Ottawa is a city defined by water. From the UNESCO-listed Rideau Canal that freezes into the world's largest skating rink each winter to the rivers that wrap around downtown, our waterways shape how residents move through and experience the capital. Now, a new exhibition at Âjagemô — the gallery space inside the Department of Canadian Heritage building — is asking Ottawans to reconsider those same waterways through an Algonquin lens.
A Different Way of Seeing the Rivers
"Edge Conditions / Inawendiwin" centres on the three natural waterways that converge in and around Ottawa: the Kichi Sibi (the Ottawa River), the Rideau, and the Gatineau. Rather than treating these rivers as scenic features or engineering marvels, the exhibition draws on Algonquin names and knowledge systems that describe each river by its living characteristics — its moods, its role in sustaining communities, and its place within a broader web of relationships between people and land.
As writer Leah Snyder notes in her coverage for Ottawa Life Magazine, most of us who live in the region think of these waterways as part of the gift the landscape provides — but rarely do we consider the deeper linguistic and cultural history embedded in how they've been named and understood for generations before European settlement.
Why This Matters for Ottawa Right Now
For a city whose identity is so tightly bound up with the Rideau Canal and its riverside pathways, this exhibition offers Ottawa residents a chance to see familiar geography with fresh eyes. It arrives at a moment when local cultural institutions — from the Canadian Museum of History across the river in Gatineau to smaller downtown galleries — have been increasingly foregrounding Indigenous perspectives in how the National Capital Region tells its own story.
"Inawendiwin," the Anishinaabemowin word paired with "Edge Conditions" in the exhibition's title, roughly translates to a sense of being interrelated or connected — a fitting frame for a show about rivers that have long connected communities along their banks, long before they became backdrops for canal-side condos and summer festivals.
What Visitors Can Expect
Housed at Âjagemô, a gallery space known for showcasing work that engages with Canadian identity and heritage, the exhibition is positioned as both an art show and a quiet civic lesson.

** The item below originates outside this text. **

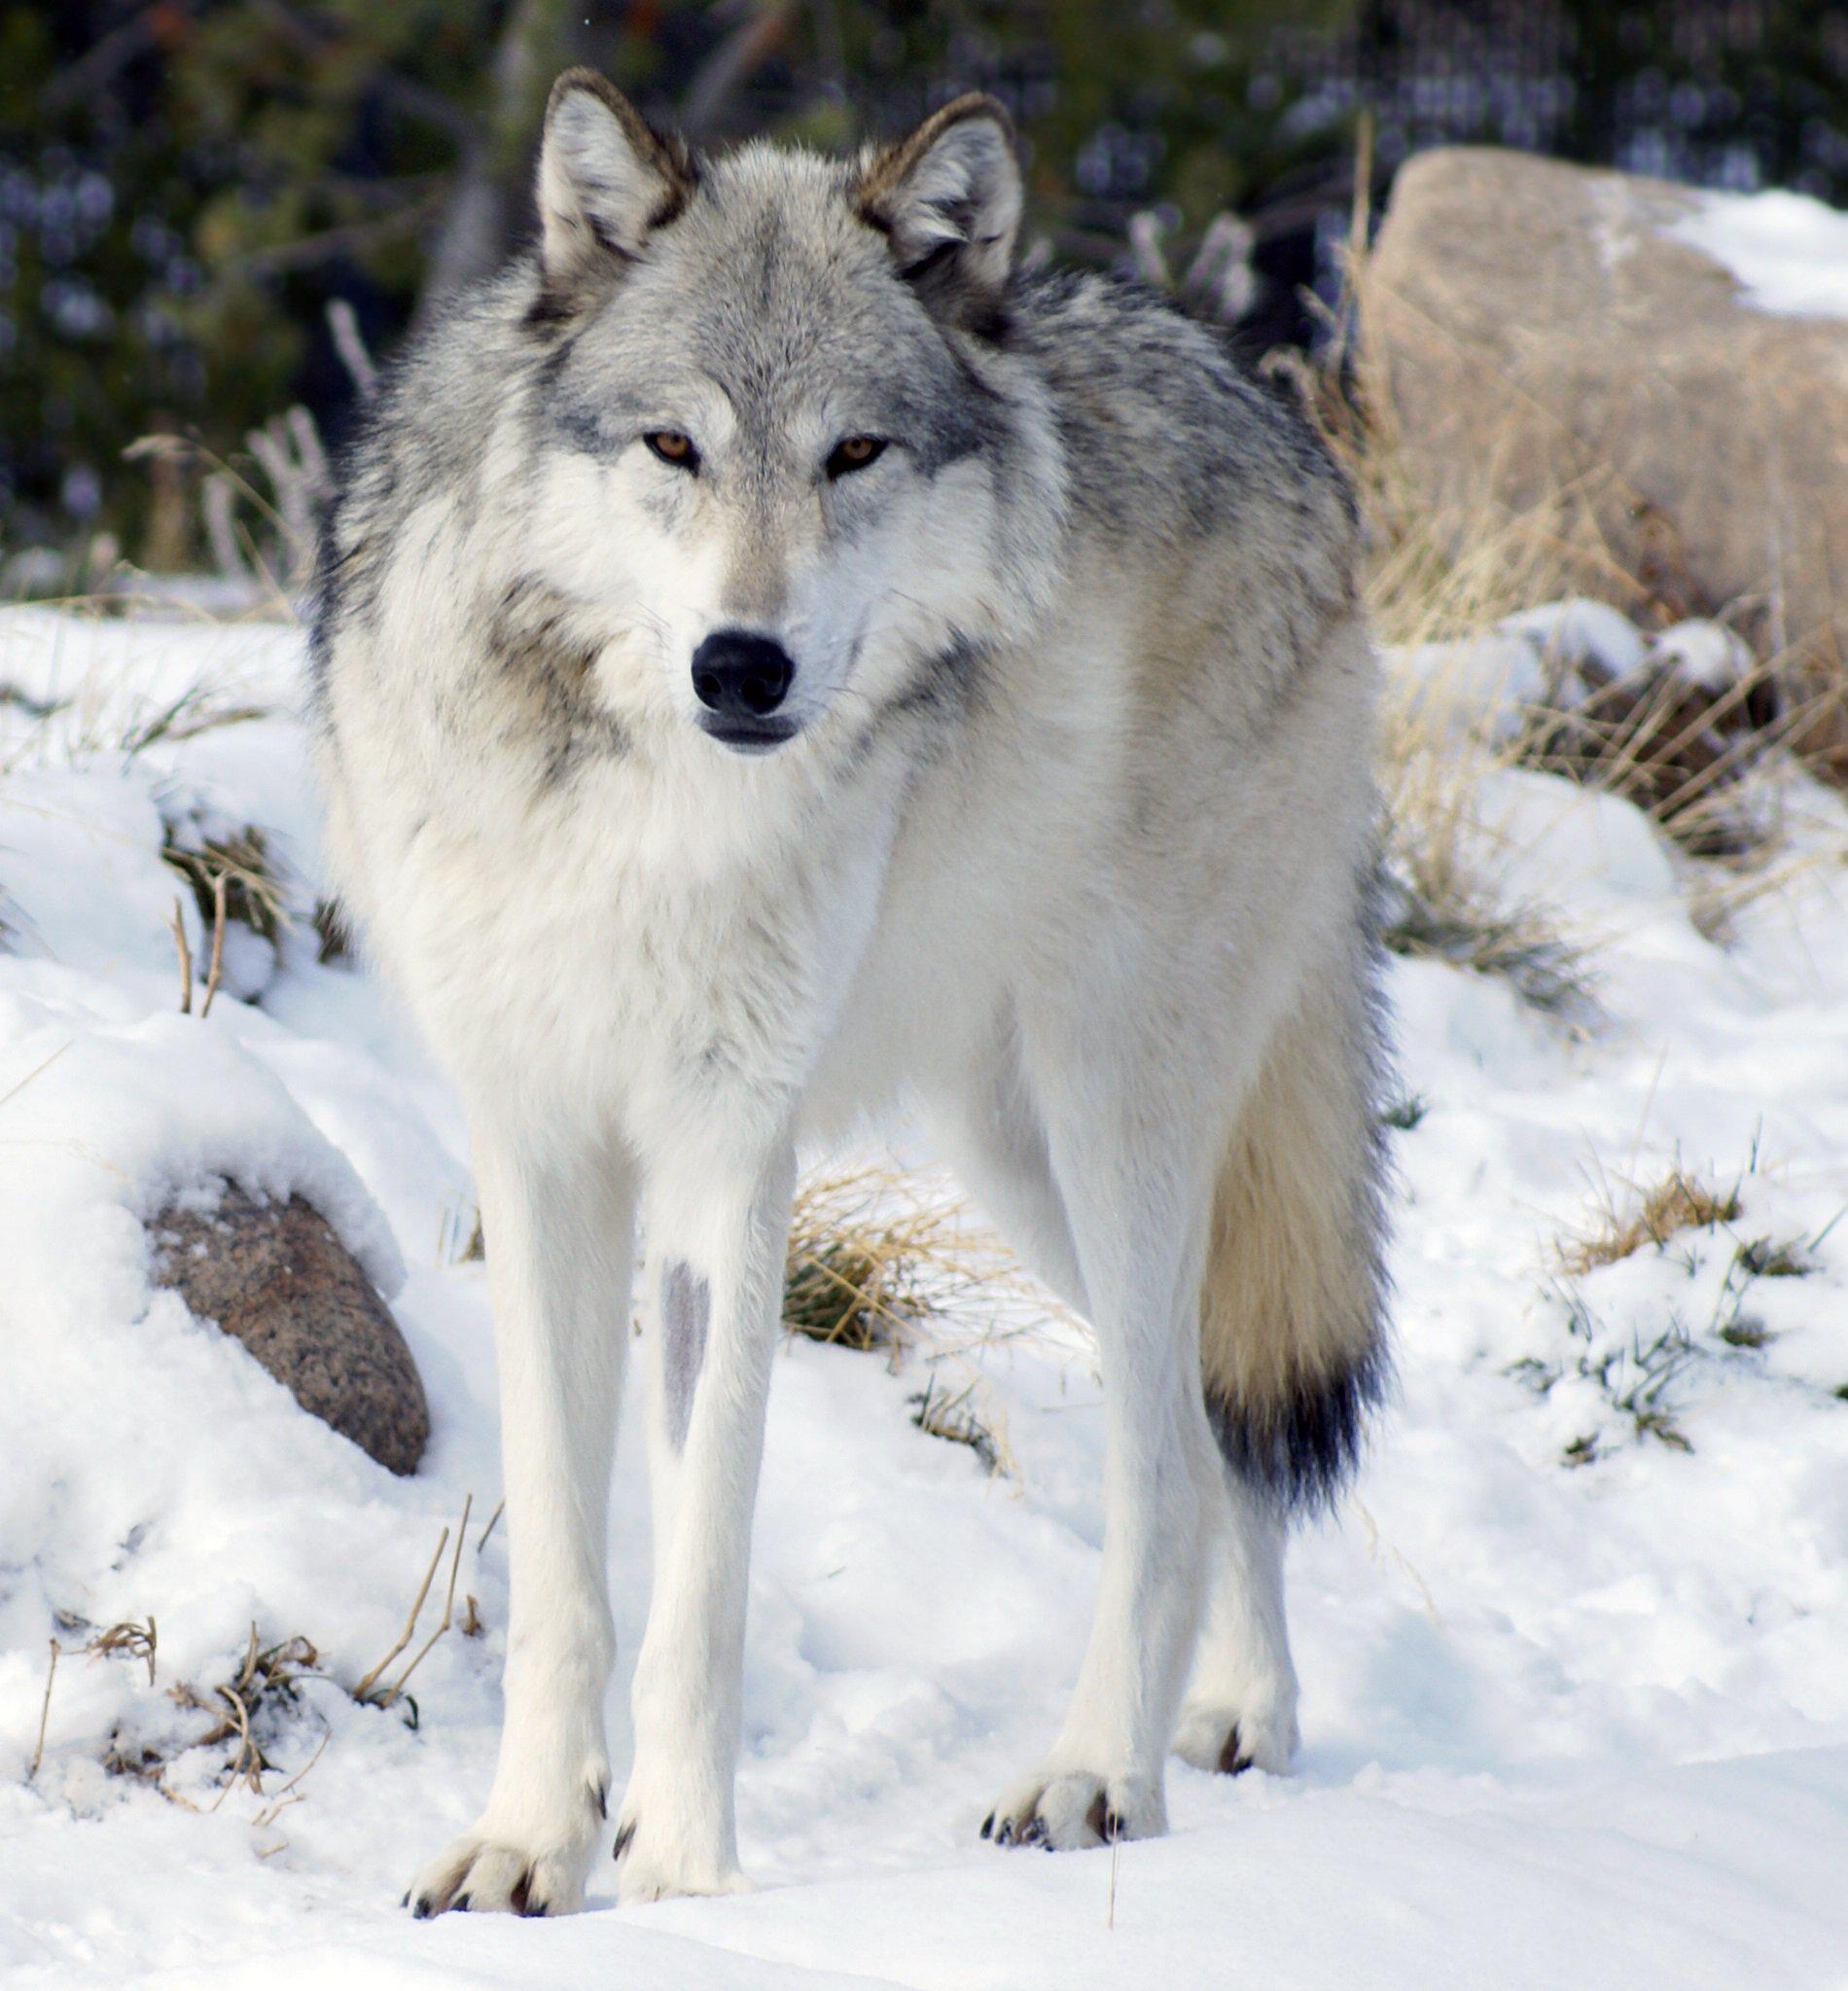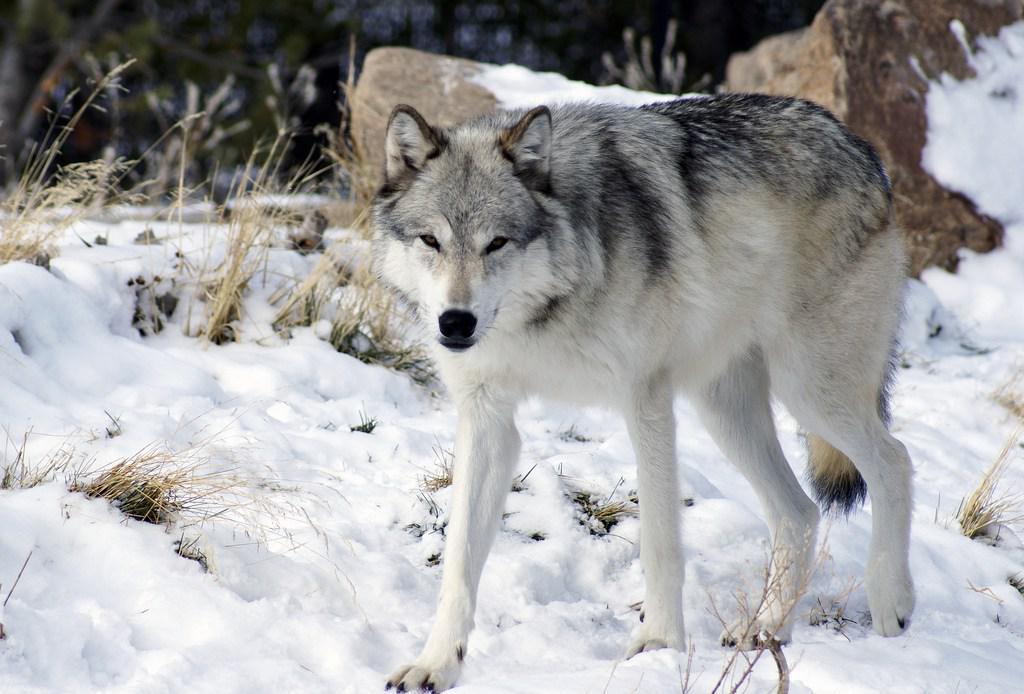The first image is the image on the left, the second image is the image on the right. For the images displayed, is the sentence "A canine can be seen laying on the ground." factually correct? Answer yes or no. No. The first image is the image on the left, the second image is the image on the right. Analyze the images presented: Is the assertion "An animal is laying down." valid? Answer yes or no. No.

Visitors walking the halls near Wellington Street — steps from Parliament Hill and the very rivers being discussed — can expect to encounter Algonquin place names and stories that reframe the geography many Ottawans take for granted on their daily commutes or canal-side runs.
For those who've spent summers paddling the Ottawa River or winters skating the Rideau Canal, the exhibition is a reminder that these waterways carry names, stories, and significance that predate the city itself. It's a worthwhile stop for anyone looking to deepen their understanding of the land beneath Ottawa's most iconic public spaces.